> **Information given**
━━━━━━━━━━
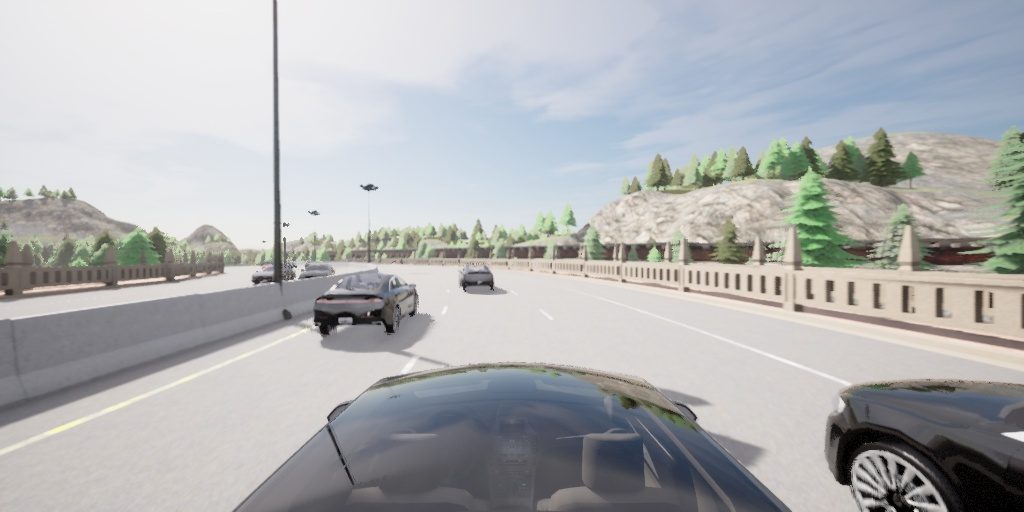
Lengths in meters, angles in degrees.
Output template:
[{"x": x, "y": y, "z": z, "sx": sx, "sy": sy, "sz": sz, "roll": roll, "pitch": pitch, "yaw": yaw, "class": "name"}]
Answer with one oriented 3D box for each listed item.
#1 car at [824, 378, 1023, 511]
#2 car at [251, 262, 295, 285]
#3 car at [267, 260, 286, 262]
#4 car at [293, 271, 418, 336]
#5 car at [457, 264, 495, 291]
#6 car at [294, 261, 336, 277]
[{"x": 3.442, "y": 1.227, "z": 0.899, "sx": 2.128, "sy": 1.511, "sz": 4.902, "roll": 0, "pitch": 0, "yaw": 0, "class": "car"}, {"x": -18.424, "y": 1.420, "z": 28.054, "sx": 2.033, "sy": 1.411, "sz": 5.357, "roll": 0, "pitch": 0, "yaw": -18, "class": "car"}, {"x": -30.100, "y": 1.343, "z": 45.115, "sx": 2.097, "sy": 1.767, "sz": 4.553, "roll": -1, "pitch": 0, "yaw": -31, "class": "car"}, {"x": -4.011, "y": 1.260, "z": 10.572, "sx": 2.128, "sy": 1.511, "sz": 4.902, "roll": 0, "pitch": 0, "yaw": -5, "class": "car"}, {"x": -2.274, "y": 1.249, "z": 22.106, "sx": 2.128, "sy": 1.511, "sz": 4.902, "roll": 0, "pitch": 0, "yaw": -12, "class": "car"}, {"x": -14.521, "y": 1.347, "z": 27.053, "sx": 1.837, "sy": 1.490, "sz": 4.892, "roll": 0, "pitch": 0, "yaw": -17, "class": "car"}]
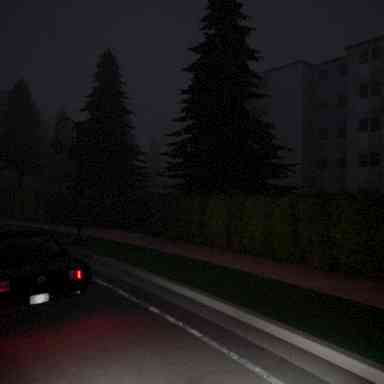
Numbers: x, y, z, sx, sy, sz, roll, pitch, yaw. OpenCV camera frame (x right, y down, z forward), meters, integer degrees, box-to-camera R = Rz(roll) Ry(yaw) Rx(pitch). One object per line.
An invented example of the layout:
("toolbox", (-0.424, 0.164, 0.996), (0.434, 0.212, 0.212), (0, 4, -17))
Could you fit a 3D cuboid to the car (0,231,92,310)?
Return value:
("car", (-4.061, 1.527, 7.409), (1.895, 1.301, 4.718), (0, 0, -41))
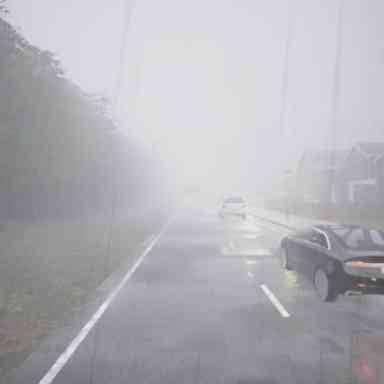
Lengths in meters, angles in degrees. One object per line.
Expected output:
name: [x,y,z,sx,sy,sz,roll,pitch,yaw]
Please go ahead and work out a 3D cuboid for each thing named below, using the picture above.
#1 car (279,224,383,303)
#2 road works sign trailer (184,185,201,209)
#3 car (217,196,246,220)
car: [3.596,1.546,8.330,2.128,1.511,4.902,0,0,0]
road works sign trailer: [-0.020,0.758,50.584,2.380,3.560,2.880,0,0,0]
car: [3.584,1.409,30.757,2.150,2.045,5.566,0,0,0]
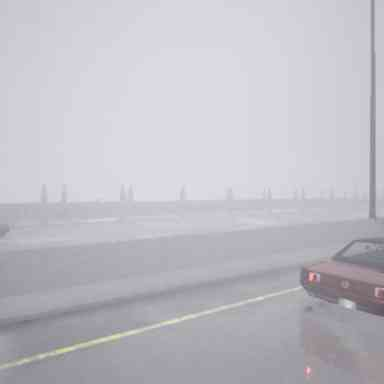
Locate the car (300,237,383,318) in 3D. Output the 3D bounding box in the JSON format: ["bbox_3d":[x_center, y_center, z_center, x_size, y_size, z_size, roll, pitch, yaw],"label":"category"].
[{"bbox_3d":[4.445,1.608,6.915,4.718,1.301,1.895,0,0,-35],"label":"car"}]

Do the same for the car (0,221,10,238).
[{"bbox_3d":[-10.332,1.602,13.819,4.718,1.301,1.895,0,0,-36],"label":"car"}]
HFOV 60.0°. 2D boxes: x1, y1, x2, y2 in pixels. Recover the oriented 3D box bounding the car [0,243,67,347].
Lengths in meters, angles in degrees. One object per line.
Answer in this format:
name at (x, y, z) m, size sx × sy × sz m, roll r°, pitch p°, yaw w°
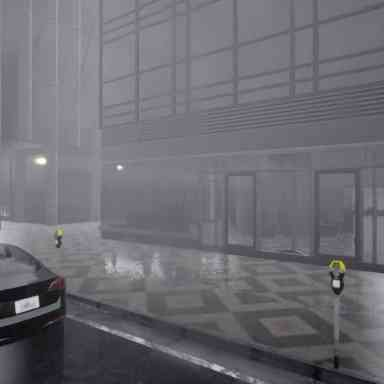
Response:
car at (-3.938, 1.565, 5.719) m, size 4.313 × 1.339 × 1.947 m, roll 0°, pitch 0°, yaw 35°
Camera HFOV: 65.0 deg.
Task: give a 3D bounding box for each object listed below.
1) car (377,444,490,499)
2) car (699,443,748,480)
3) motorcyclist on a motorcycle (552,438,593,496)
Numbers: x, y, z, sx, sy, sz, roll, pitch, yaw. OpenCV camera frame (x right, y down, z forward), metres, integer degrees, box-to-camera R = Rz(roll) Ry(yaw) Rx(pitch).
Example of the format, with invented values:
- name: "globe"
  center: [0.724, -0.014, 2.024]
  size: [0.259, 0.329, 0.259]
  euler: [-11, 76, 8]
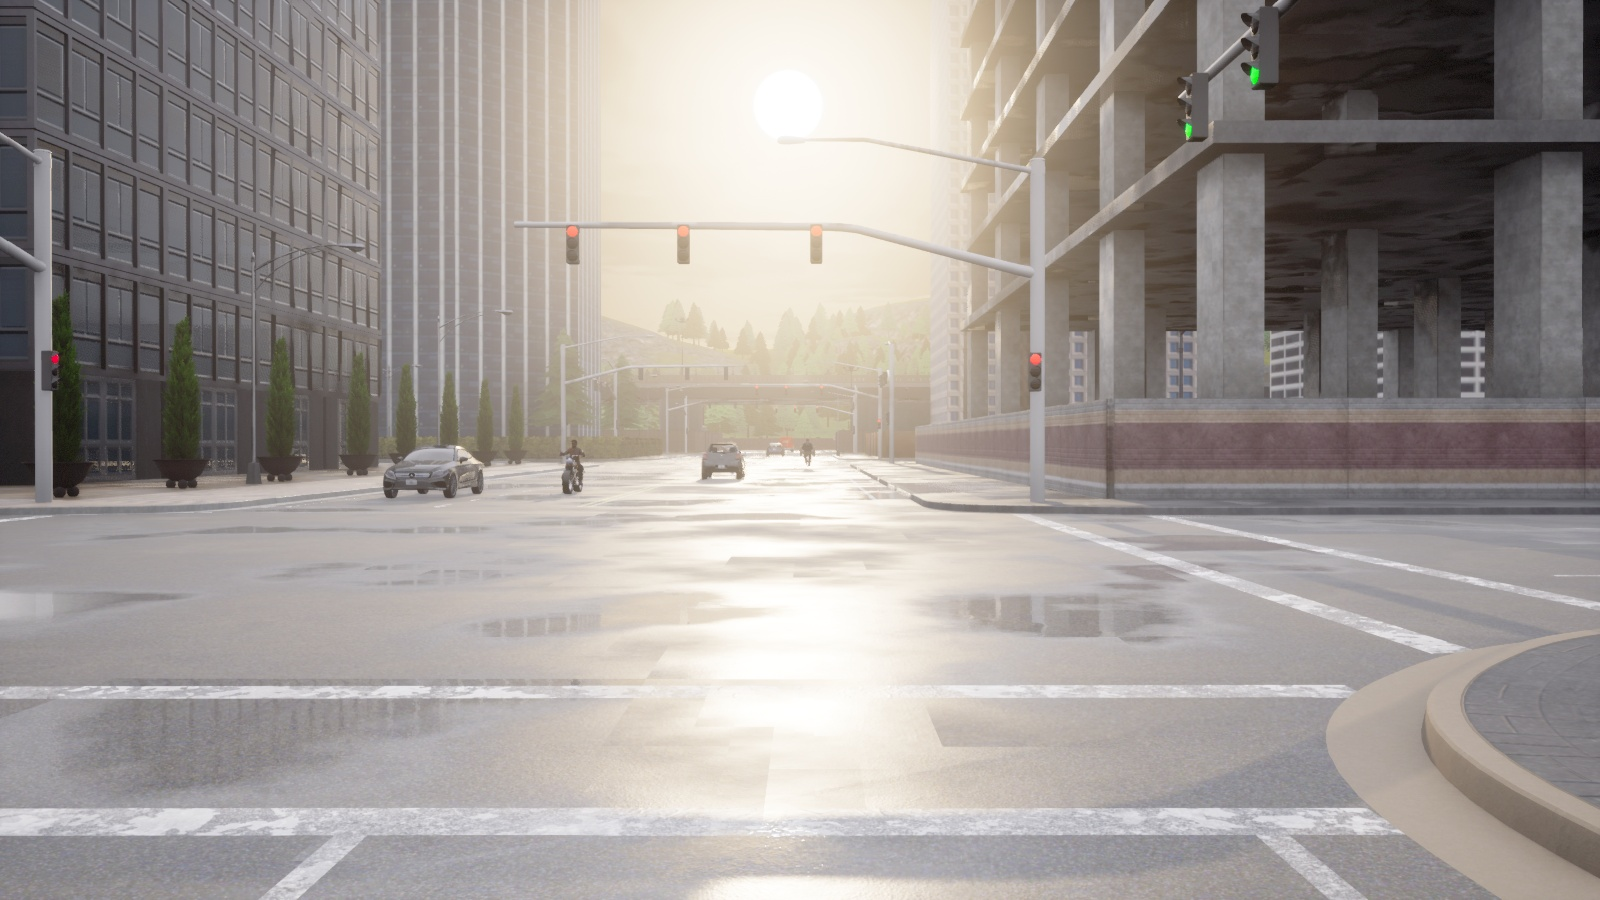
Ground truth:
- name: "car"
  center: [-10.276, 0.563, 35.566]
  size: [1.812, 1.442, 4.674]
  euler: [0, 0, 0]
- name: "car"
  center: [-3.172, 0.461, 52.606]
  size: [1.845, 1.501, 3.633]
  euler: [0, 0, 0]
- name: "motorcyclist on a motorcycle"
  center: [-6.765, 0.480, 37.403]
  size: [0.766, 1.649, 2.350]
  euler: [0, 0, 0]
━━━━━━━━━━
> **Task to carry out**
All entries need repeating exactly, but without the pictures.

> **Task output**
Lengths in meters, angles in degrees.
Output template:
[{"x": x, "y": y, "z": z, "sx": sx, "sy": sy, "sz": sz, "roll": roll, "pitch": pitch, "yaw": yaw, "class": "name"}]
Answer with one oriented 3D box for each listed item.
#1 car at [824, 378, 1023, 511]
#2 car at [251, 262, 295, 285]
#3 car at [267, 260, 286, 262]
#4 car at [293, 271, 418, 336]
#5 car at [457, 264, 495, 291]
#6 car at [294, 261, 336, 277]
[{"x": 3.442, "y": 1.227, "z": 0.899, "sx": 2.128, "sy": 1.511, "sz": 4.902, "roll": 0, "pitch": 0, "yaw": 0, "class": "car"}, {"x": -18.424, "y": 1.420, "z": 28.054, "sx": 2.033, "sy": 1.411, "sz": 5.357, "roll": 0, "pitch": 0, "yaw": -18, "class": "car"}, {"x": -30.100, "y": 1.343, "z": 45.115, "sx": 2.097, "sy": 1.767, "sz": 4.553, "roll": -1, "pitch": 0, "yaw": -31, "class": "car"}, {"x": -4.011, "y": 1.260, "z": 10.572, "sx": 2.128, "sy": 1.511, "sz": 4.902, "roll": 0, "pitch": 0, "yaw": -5, "class": "car"}, {"x": -2.274, "y": 1.249, "z": 22.106, "sx": 2.128, "sy": 1.511, "sz": 4.902, "roll": 0, "pitch": 0, "yaw": -12, "class": "car"}, {"x": -14.521, "y": 1.347, "z": 27.053, "sx": 1.837, "sy": 1.490, "sz": 4.892, "roll": 0, "pitch": 0, "yaw": -17, "class": "car"}]
Numbers: x, y, z, sx, sy, sz, roll, pitch, yaw. OpenCV camera frame (x right, y down, z forward), meters, integer degrees, box-to-camera R = Rz(roll) Ry(yaw) Rx(pitch). One object per line.
An invented example of the layout:
("toolbox", (-0.424, 0.164, 0.996), (0.434, 0.212, 0.212), (0, 4, -17))
Could you fit a 3D cuboid to the car (0,231,92,310)?
Return value:
("car", (-4.061, 1.527, 7.409), (1.895, 1.301, 4.718), (0, 0, -41))
Lengths in meters, angles in degrees. One object per line.
Expected output:
name: [x,y,z,sx,sy,sz,roll,pitch,yaw]
Please go ahead and work out a 3D cuboid for each thing named below, using the picture above.
#1 car (279,224,383,303)
#2 road works sign trailer (184,185,201,209)
#3 car (217,196,246,220)
car: [3.596,1.546,8.330,2.128,1.511,4.902,0,0,0]
road works sign trailer: [-0.020,0.758,50.584,2.380,3.560,2.880,0,0,0]
car: [3.584,1.409,30.757,2.150,2.045,5.566,0,0,0]
Locate the car (300,237,383,318) in 3D. Output the 3D bounding box in the JSON format: ["bbox_3d":[x_center, y_center, z_center, x_size, y_size, z_size, roll, pitch, yaw],"label":"category"].
[{"bbox_3d":[4.445,1.608,6.915,4.718,1.301,1.895,0,0,-35],"label":"car"}]

Do the same for the car (0,221,10,238).
[{"bbox_3d":[-10.332,1.602,13.819,4.718,1.301,1.895,0,0,-36],"label":"car"}]
HFOV 60.0°. 2D boxes: x1, y1, x2, y2 in pixels. Recover the oriented 3D box bounding the car [0,243,67,347].
Lengths in meters, angles in degrees. One object per line.
Answer in this format:
name at (x, y, z) m, size sx × sy × sz m, roll r°, pitch p°, yaw w°
Response:
car at (-3.938, 1.565, 5.719) m, size 4.313 × 1.339 × 1.947 m, roll 0°, pitch 0°, yaw 35°
Camera HFOV: 65.0 deg.
Task: give a 3D bounding box for each object listed below.
1) car (377,444,490,499)
2) car (699,443,748,480)
3) motorcyclist on a motorcycle (552,438,593,496)
Numbers: x, y, z, sx, sy, sz, roll, pitch, yaw. OpenCV camera frame (x right, y down, z forward), metres, integer degrees, box-to-camera R = Rz(roll) Ry(yaw) Rx(pitch).
Example of the format, with invented values:
- name: "globe"
  center: [0.724, -0.014, 2.024]
  size: [0.259, 0.329, 0.259]
  euler: [-11, 76, 8]
Ground truth:
- name: "car"
  center: [-10.276, 0.563, 35.566]
  size: [1.812, 1.442, 4.674]
  euler: [0, 0, 0]
- name: "car"
  center: [-3.172, 0.461, 52.606]
  size: [1.845, 1.501, 3.633]
  euler: [0, 0, 0]
- name: "motorcyclist on a motorcycle"
  center: [-6.765, 0.480, 37.403]
  size: [0.766, 1.649, 2.350]
  euler: [0, 0, 0]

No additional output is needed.